I actually wanted to migrate to canada but my agent said my occupation is not in the list so I applied for an australian pr. But going through the forum I came to know that u can go on a temporary work permit and after a year apply for pr. Still thinking to go to canada can anyone advice whether I should migrate to canada or australia considering the job opportunities,salaries and the standard of living in both the countries


----------



## EVHB (Feb 11, 2008)

And how do you get the temporary work permit? ;-)


----------



## colchar (Oct 25, 2011)

explorer5 said:


> Hi
> 
> I actually wanted to migrate to canada but my agent said my occupation is not in the list so I applied for an australian pr. But going through the forum I came to know that u can go on a temporary work permit and after a year apply for pr.
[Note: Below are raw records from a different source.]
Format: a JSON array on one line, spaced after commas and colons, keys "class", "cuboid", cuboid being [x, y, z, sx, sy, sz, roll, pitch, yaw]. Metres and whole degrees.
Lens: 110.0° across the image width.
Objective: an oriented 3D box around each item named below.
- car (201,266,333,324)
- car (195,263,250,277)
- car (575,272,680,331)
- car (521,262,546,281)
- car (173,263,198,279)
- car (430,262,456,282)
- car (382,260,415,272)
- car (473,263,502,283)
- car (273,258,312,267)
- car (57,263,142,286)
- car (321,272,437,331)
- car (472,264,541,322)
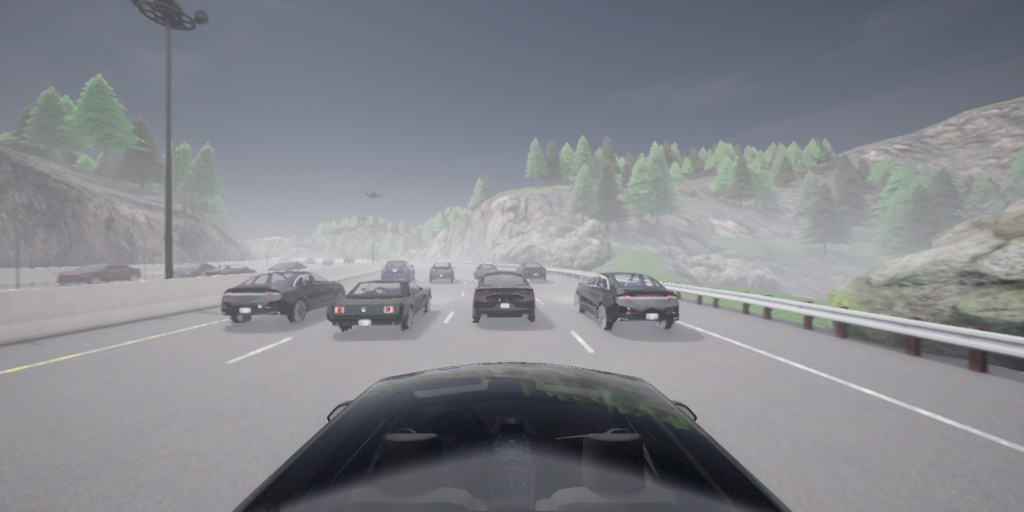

Still thinking to go to canada can anyone advice whether I should migrate to canada or australia considering the job opportunities,salaries and the standard of living in both the countries



How can anyone possibly answer these questions considering how little information you have offered. And regardless, it is up to you to decide which of the two countries would be best for you so nobody here can tell you what you 'should' do.


----------



## explorer5 (Dec 25, 2013)

Hi,

I am currently working for an MNC into operations and looking for a job in operation (banking and finance) in toronto so that I can go on temporary work visa. I think this information will you give an idea whether these jobs have vacancies over there or not


----------